Gambling among millennials is already high. According to the Massachusetts Council on Compulsive Gambling (a nonprofit health agency subsidized by the state Lottery), college students are more likely to succumb to gambling disorders than any other segment of the population. While compulsive gambling affects an estimated 1.7 percent of Massachusetts residents, the level of problem gambling among college students is more than 10 percent. Particularly at risk, according to the council (which lists numerous peer-reviewed studies from which its data is drawn) are student athletes, who appear to develop gambling problems at higher rates than other students.
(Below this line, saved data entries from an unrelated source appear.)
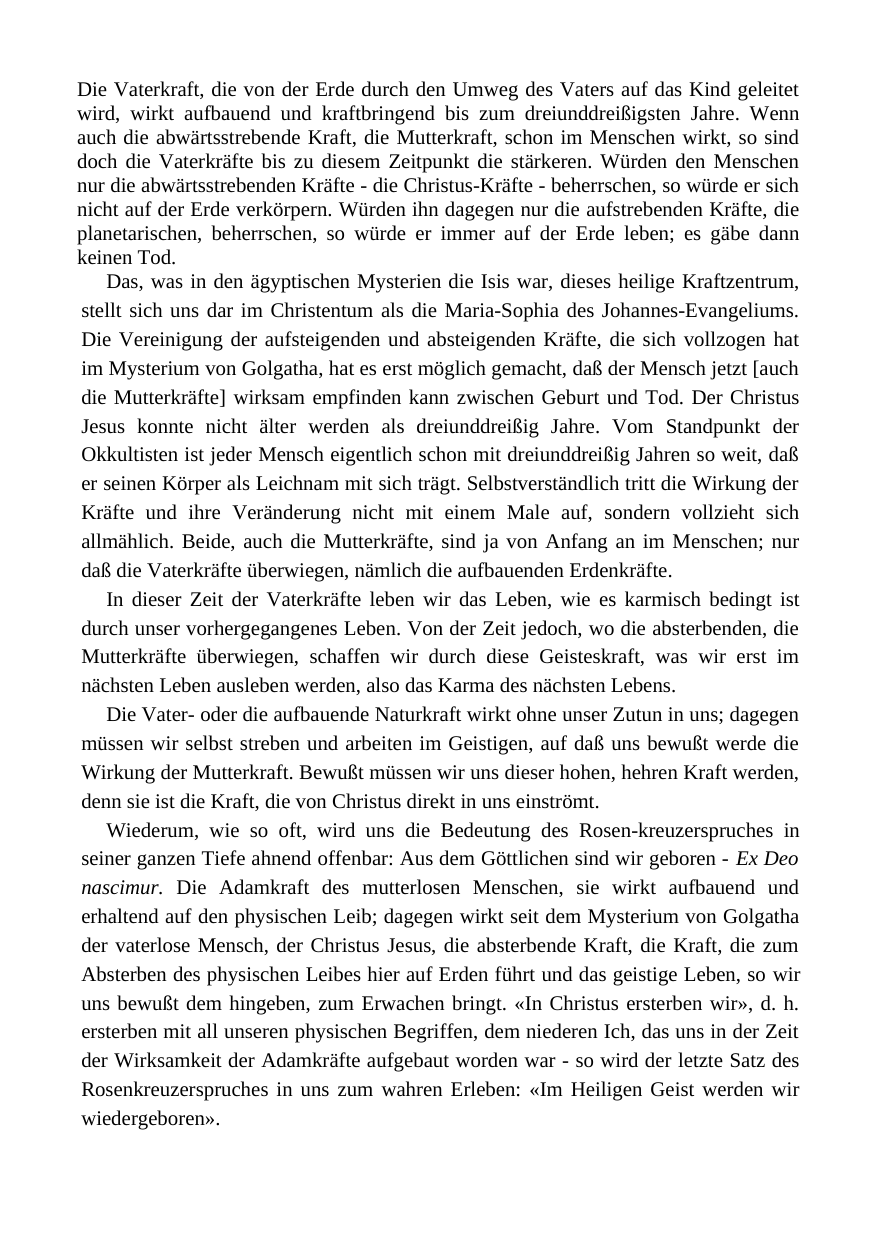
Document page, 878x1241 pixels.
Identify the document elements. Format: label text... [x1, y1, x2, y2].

text In dieser Zeit der Vaterkräfte leben wir das Leben, wie es karmisch bedingt ist durch unser vorhergegangenes Leben. Von der Zeit jedoch, wo die absterbenden, die Mutterkräfte überwiegen, schaffen wir durch diese Geisteskraft, was wir erst im nächsten Leben ausleben werden, also das Karma des nächsten Lebens. [81, 587, 800, 697]
text Die Vaterkraft, die von der Erde durch den Umweg des Vaters auf das Kind geleitet wird, wirkt aufbauend und kraftbringend bis zum dreiunddreißigsten Jahre. Wenn auch die abwärtsstrebende Kraft, die Mutterkraft, schon im Menschen wirkt, so sind doch die Vaterkräfte bis zu diesem Zeitpunkt die stärkeren. Würden den Menschen nur die abwärtsstrebenden Kräfte - die Christus-Kräfte - beherrschen, so würde er sich nicht auf der Erde verkörpern. Würden ihn dagegen nur die aufstrebenden Kräfte, die planetarischen, beherrschen, so würde er immer auf der Erde leben; es gäbe dann keinen Tod. [77, 77, 800, 269]
text Das, was in den ägyptischen Mysterien die Isis war, dieses heilige Kraftzentrum, stellt sich uns dar im Christentum als die Maria-Sophia des Johannes-Evangeliums. Die Vereinigung der aufsteigenden und absteigenden Kräfte, die sich vollzogen hat im Mysterium von Golgatha, hat es erst möglich gemacht, daß der Mensch jetzt [auch die Mutterkräfte] wirksam empfinden kann zwischen Geburt und Tod. Der Christus Jesus konnte nicht älter werden als dreiunddreißig Jahre. Vom Standpunkt der Okkultisten ist jeder Mensch eigentlich schon mit dreiunddreißig Jahren so weit, daß er seinen Körper als Leichnam mit sich trägt. Selbstverständlich tritt die Wirkung der Kräfte und ihre Veränderung nicht mit einem Male auf, sondern vollzieht sich allmählich. Beide, auch die Mutterkräfte, sind ja von Anfang an im Menschen; nur daß die Vaterkräfte überwiegen, nämlich die aufbauenden Erdenkräfte. [81, 269, 800, 582]
text Wiederum, wie so oft, wird uns die Bedeutung des Rosen-kreuzerspruches in seiner ganzen Tiefe ahnend offenbar: Aus dem Göttlichen sind wir geboren - Ex Deo nascimur. Die Adamkraft des mutterlosen Menschen, sie wirkt aufbauend und erhaltend auf den physischen Leib; dagegen wirkt seit dem Mysterium von Golgatha der vaterlose Mensch, der Christus Jesus, die absterbende Kraft, die Kraft, die zum Absterben des physischen Leibes hier auf Erden führt und das geistige Leben, so wir uns bewußt dem hingeben, zum Erwachen bringt. «In Christus ersterben wir», d. h. ersterben mit all unseren physischen Begriffen, dem niederen Ich, das uns in der Zeit der Wirksamkeit der Adamkräfte aufgebaut worden war - so wird der letzte Satz des Rosenkreuzerspruches in uns zum wahren Erleben: «Im Heiligen Geist werden wir wiedergeboren». [81, 817, 800, 1130]
text Die Vater- oder die aufbauende Naturkraft wirkt ohne unser Zutun in uns; dagegen müssen wir selbst streben und arbeiten im Geistigen, auf daß uns bewußt werde die Wirkung der Mutterkraft. Bewußt müssen wir uns dieser hohen, hehren Kraft werden, denn sie ist die Kraft, die von Christus direkt in uns einströmt. [81, 702, 800, 813]

Despite Flanagan's claim that "simply put, millennials don't play the lottery," the compulsive gambling council reports that playing the lottery or numbers game is the most common form of gambling by college students, with nearly 25 percent participating annually. (Second in popularity is casino gambling, at 20 percent annually.) Young people who want Lottery tickets have no trouble buying them, and there is no public-policy reason to coax them to buy even more.
State lotteries are often justified as an effective, yet voluntary, means of raising money to pay for public services. In Massachusetts last year, $945 million in State Lottery profit was disbursed as local aid to the Commonwealth's cities and towns. But it is odious for government to raise money by preying on the poor and the foolish. Everyone knows that lottery tickets are most frequently purchased by people least able to afford them. Yes, adults should be free to squander their money on bets they have only a microscopic chance of winning. But the state shouldn't be encouraging them to do so. And it certainly shouldn't be seeking out new ways to tempt the sad suckers into parting with their cash.
Human vice and appetite come in endless varieties, and there is plenty of money to be made by catering to them. In a free society, as a rule, government should neither ban such consensual activities nor monopolize them. Those who wish to gamble — like those who wish to drink, or have sex, or see raunchy movies, or smoke — should be at liberty to do so. The state ought to be involved only to the extent necessary to prevent fraud, enforce legitimate health or safety standards, and collect taxes.
Massachusetts has no more business running numbers than it does running nightclubs. When it comes to the myriad things that stimulate the pleasure center of the brain, supply and demand can almost always be entrusted to private enterprise, leaving government to regulate but not dominate.
Rather than fret because the Bay State can't sell Megabucks tickets online, legislators like Flanagan should be asking why it sells them at all. Through its $5 billion Massachusetts Lottery, state government enables compulsive gambling, preys on the desperate, and redistributes revenues from poor to rich. It's deceptive and disgraceful, and it's being done in our name. It will be even more abusive if it goes online.